話自体は次作とセットで一つのためまったく完結していないが, 確かに物議をかもしそう.
特定の個人個人を誘導するのは可能だろうし多くの大衆の世論を誘導するのもそれほど難しくないだろう.
しかし多くの人々をまったくぶれなく完全に誘導するのはどうなんだろうね.
人間の可能性とかそういう問題ではないんだろうかな.
ただこれって映画版催眠の続編なんだそうで.
完全に小説でフォローする私としては読むなといわれているようで困りもの.
- 17[7/20]水野良/スターシップ・オペレーターズ 1(電撃文庫)
- 2300年,地球から1500光年離れた星域で「王国」に占領された惑星国家の防衛大学校生たちが,
最新宇宙戦闘艦を購入, その資金に戦闘をライブ中継するという行動に出た.
水野さんらしく世界設定などは慎重に練られていると思うが,
せっかくの「新鋭艦」自体がどうもオーソドックスなのがもったいない感じ.
細かい引っ掛かりも(重力加速度は地球上でも3桁目から違うとか)いくつか気にかかるのがあるし,
美少女が頑張ってる物語でもいいけど(主人公はちょっとヤンとフレデリカを足して2みたいな雰囲気あるし全体的にもステレオタイプからあまり外れていな印象はあるが),
願わくばもうちょっとあっと驚くようなアイディアが欲しいところかな.
ナデシコとはちょっと違うようなのでそっち系のカブリはあまり心配しなくてよさそう.
- 16[7/20]グループSNE/傭兵伝説クリスタニア 過去からの来訪者(電撃文庫)
- 前巻の続き(こらこら)
リュースってンな強かったんだっけ(もう忘れてる).
- 15[7/20]グループSNE/傭兵伝説クリスタニア 暗雲の予兆(電撃文庫)
- 暗黒の民との和解によりベルティアに設置された獣の牙だったが,
その密林地帯で不可解な事件が起きる. 真相解明に傭兵を派遣するリュースたちだが….

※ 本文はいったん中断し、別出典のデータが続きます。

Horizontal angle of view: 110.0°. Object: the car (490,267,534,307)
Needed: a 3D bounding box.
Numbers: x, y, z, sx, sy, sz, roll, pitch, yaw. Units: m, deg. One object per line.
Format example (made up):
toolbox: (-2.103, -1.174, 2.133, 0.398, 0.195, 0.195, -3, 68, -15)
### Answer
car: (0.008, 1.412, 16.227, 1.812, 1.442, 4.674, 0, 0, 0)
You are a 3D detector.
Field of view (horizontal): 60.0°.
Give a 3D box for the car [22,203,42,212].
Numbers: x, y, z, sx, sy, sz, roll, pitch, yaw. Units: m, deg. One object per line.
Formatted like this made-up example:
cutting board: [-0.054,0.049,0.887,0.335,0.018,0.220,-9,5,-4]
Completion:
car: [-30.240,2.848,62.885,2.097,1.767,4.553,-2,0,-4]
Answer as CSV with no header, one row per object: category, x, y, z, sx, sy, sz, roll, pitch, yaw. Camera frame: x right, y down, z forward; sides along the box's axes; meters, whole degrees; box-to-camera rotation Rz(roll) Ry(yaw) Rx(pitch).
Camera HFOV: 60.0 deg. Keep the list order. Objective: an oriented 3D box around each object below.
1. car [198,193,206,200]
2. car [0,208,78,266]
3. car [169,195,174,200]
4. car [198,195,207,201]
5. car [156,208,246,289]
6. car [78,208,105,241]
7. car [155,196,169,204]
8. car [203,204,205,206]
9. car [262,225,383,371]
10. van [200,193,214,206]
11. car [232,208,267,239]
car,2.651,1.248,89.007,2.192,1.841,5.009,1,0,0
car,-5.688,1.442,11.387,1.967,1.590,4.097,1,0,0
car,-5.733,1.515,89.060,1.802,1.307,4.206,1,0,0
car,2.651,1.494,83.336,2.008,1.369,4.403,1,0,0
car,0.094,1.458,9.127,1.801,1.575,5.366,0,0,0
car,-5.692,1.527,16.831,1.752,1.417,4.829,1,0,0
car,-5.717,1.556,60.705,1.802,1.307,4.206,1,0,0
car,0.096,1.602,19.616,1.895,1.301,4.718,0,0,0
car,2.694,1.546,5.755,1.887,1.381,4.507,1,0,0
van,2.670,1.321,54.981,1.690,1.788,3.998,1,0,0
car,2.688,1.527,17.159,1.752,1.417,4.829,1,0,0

リプレイを読んでいないせいか情報がぽろぽろ落ちている感じの内容でちょっと読みづらい.
話はまだ導入だからそれほど大きく展開しないが, それぞれのエピソードの展開はまずまず.
- 14[7/19]深沢美潮/新フォーチュン・クエスト 7.待っていたクエスト エピソード2(電撃文庫)

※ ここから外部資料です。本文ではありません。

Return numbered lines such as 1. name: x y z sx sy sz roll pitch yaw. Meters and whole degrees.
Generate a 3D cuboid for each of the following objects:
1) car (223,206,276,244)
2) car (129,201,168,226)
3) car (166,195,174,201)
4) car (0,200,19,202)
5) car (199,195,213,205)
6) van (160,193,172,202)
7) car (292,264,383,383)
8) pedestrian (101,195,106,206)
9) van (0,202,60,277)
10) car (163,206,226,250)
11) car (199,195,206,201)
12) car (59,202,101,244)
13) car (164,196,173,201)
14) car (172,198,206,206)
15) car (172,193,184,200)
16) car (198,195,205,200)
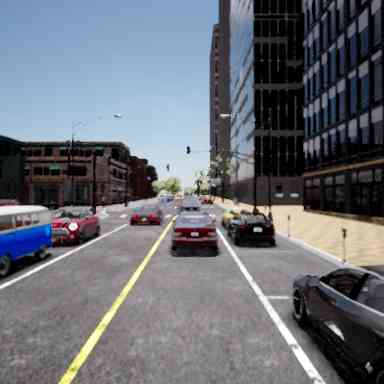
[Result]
1. car: 2.662 1.567 15.533 1.947 1.339 4.313 1 0 0
2. car: -3.057 1.566 23.199 1.994 1.385 4.181 0 0 0
3. car: -5.710 1.576 86.808 1.947 1.339 4.313 1 0 0
4. car: -24.983 1.732 44.315 4.097 1.590 1.967 -1 0 1
5. car: 2.682 1.446 59.124 1.967 1.590 4.097 1 0 0
6. van: -5.701 1.349 70.205 1.690 1.788 3.998 1 0 0
7. car: 2.666 1.566 4.244 1.947 1.339 4.313 1 0 0
8. pedestrian: -12.561 1.361 47.113 0.375 1.860 0.375 0 0 1
9. van: -5.679 1.342 9.940 1.690 1.788 3.998 1 0 0
10. car: 0.096 1.548 14.366 2.033 1.411 5.357 0 0 0
11. car: 2.671 1.536 86.969 1.752 1.417 4.829 1 0 0
12. car: -5.683 1.441 15.584 1.967 1.590 4.097 1 0 0
13. car: -5.708 1.592 81.273 1.802 1.307 4.206 1 0 0
14. car: -0.393 1.550 31.344 2.033 1.411 5.357 0 0 -7
15. car: -3.028 1.364 78.025 2.097 1.767 4.553 0 0 0
16. car: 2.669 1.537 92.503 1.752 1.417 4.829 1 0 0
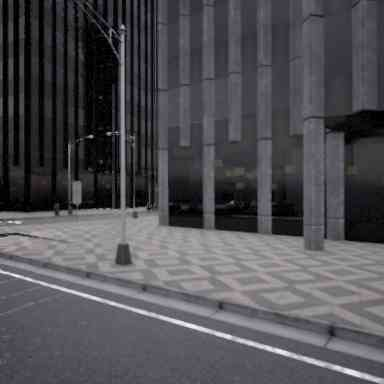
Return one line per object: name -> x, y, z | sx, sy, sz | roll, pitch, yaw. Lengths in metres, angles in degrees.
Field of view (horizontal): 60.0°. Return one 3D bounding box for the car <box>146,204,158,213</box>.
car -> -3.532, 1.892, 41.194 | 1.895, 1.301, 4.718 | 0, -1, 36

- レベル18の冒険者でも解けなかったというクエストについに手を出した6人と1匹.
マップのスタート地点へ向かったのだが?
話の中の小さなエピソードややり取りなんかは楽しいアイディアや気遣いがちりばめられていて面白いのだけど, 肝心の本筋の方がどうもぱっとしなくなってきている感じ.
今回のもネタとしては無しとはいわないけど, それに「ガイド」が付くのはどんなもんだろう?

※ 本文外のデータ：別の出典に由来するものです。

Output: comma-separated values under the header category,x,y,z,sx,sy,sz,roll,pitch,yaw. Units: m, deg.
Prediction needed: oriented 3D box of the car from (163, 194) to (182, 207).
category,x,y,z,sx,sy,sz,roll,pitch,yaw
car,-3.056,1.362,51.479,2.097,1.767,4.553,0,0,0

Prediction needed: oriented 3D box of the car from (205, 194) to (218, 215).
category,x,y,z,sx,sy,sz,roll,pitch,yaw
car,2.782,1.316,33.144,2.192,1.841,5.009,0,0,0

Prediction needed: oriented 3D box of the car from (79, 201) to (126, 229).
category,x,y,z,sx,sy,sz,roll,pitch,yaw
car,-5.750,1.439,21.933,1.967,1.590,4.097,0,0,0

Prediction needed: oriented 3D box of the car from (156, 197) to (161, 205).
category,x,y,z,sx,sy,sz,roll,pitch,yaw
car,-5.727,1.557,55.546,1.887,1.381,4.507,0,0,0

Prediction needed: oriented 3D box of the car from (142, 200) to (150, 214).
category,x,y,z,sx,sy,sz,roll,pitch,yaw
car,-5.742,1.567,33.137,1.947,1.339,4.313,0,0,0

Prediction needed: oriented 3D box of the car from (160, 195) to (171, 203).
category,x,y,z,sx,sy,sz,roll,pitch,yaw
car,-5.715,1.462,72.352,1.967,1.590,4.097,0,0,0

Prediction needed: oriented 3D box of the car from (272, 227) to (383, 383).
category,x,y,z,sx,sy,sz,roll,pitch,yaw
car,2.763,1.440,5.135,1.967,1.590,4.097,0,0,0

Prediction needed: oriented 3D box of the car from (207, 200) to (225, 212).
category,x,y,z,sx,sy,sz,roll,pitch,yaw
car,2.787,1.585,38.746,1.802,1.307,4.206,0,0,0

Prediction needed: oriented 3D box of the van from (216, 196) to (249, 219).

これが後に重要な役割をというのならまだ分からないけど,
少なくとも現時点ではこの作品らしい「わくわく」感を削いでしまっている感がある.
- 13[7/13]前田珠子/破妖の剣 外伝6 呼ぶ声が聞こえる(コバルト文庫)
- 護り手を失った捕縛師サティンとその新たな護り手となった鎖縛の物語,
主人公ラスの母親の話,未来の話….
相変わらずの口回り(?)で頑張るサティンがいい感じ. これぞ外伝.
一方未来が絡む話を外伝でされるのは個人的にはあまり好きではない.
話そのものもかなりあっさり目だし.
- 12[7/12]石原藤夫/ハイウェイ惑星 惑星調査艇ヒノシオ号の冒険(デュアル文庫)
- 惑星開発コンサルタント会社の調査課に属する二人がいくふしぎな惑星の数々を描く.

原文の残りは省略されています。